This dual approach of simulation and cross-verification is essential for early detection and rectification of design errors, significantly reducing the risk of costly revisions later in the development cycle. It ensures that the modules, when finally synthesized into hardware, will perform accurately and reliably as intended. Moreover, this thorough validation process enhances the robustness of the entire system, providing confidence in its correctness and operational stability before proceeding to hardware deployment. Ultimately, such comprehensive verification practices are fundamental to delivering high-quality, dependable digital systems that meet rigorous performance and reliability standards.

# 4-EFFICIENT 3-PARALLEL POLYPHASE ODD LENGTH FIR FILTER USING BRENT KUNG ADDER AND BOOTH MULTIPLIER

# **Existing System**

The traditional FIR filter architectures predominantly rely on fundamental arithmetic components such as full adders, half adders, carry look-ahead adders (CLA), carry-save adders (CSA), and ripple-carry adders (RCA) to perform the necessary multiply-accumulate (MAC) operations. While these components are essential for basic arithmetic their straightforward operations, implementation often leads to limitations in processing speed and increased hardware resource consumption, especially when dealing with the complex multiplications and accumulations inherent in high-order FIR filters.
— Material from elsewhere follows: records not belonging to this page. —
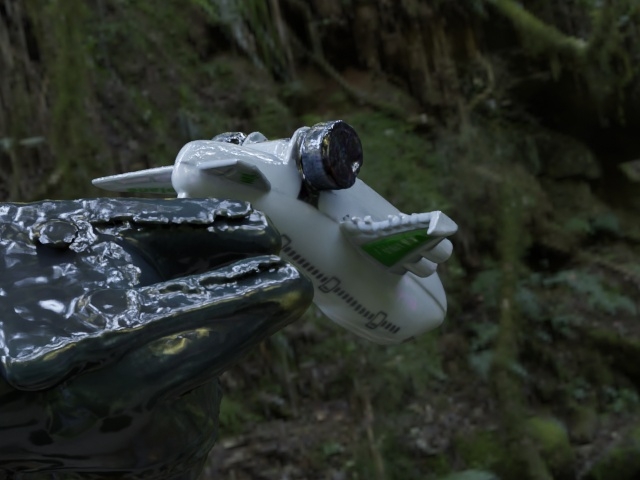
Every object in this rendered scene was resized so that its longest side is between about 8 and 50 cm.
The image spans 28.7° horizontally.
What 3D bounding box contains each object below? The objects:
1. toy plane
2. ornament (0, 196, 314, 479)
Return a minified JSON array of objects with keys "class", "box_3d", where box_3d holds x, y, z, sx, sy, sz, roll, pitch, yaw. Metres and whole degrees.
[{"class":"toy plane","box_3d":[0.001,-0.005,0.742,0.251,0.101,0.255,-3,-20,42]},{"class":"ornament","box_3d":[-0.109,0.107,0.378,0.202,0.236,0.080,-9,39,-21]}]

To overcome these challenges, the proposed system integrates a combination of advanced arithmetic techniques, notably the Brent-Kung adder and Booth multiplier. The Brent-Kung adder is renowned for its logarithmic delay and efficient hardware utilization, making it well-suited for high-speed addition operations required during filter computations. Its tree-like structure reduces the logic depth, thereby minimizing propagation delay and improving overall throughput. Similarly, the Booth multiplier accelerates multiplication processes by encoding multiple bits of the multiplier, effectively reducing the number of partial products and thus speeding up the multiplication operation. When combined, these two components significantly enhance the efficiency of the filter's arithmetic operations, enabling faster computation times and reducing power consumption.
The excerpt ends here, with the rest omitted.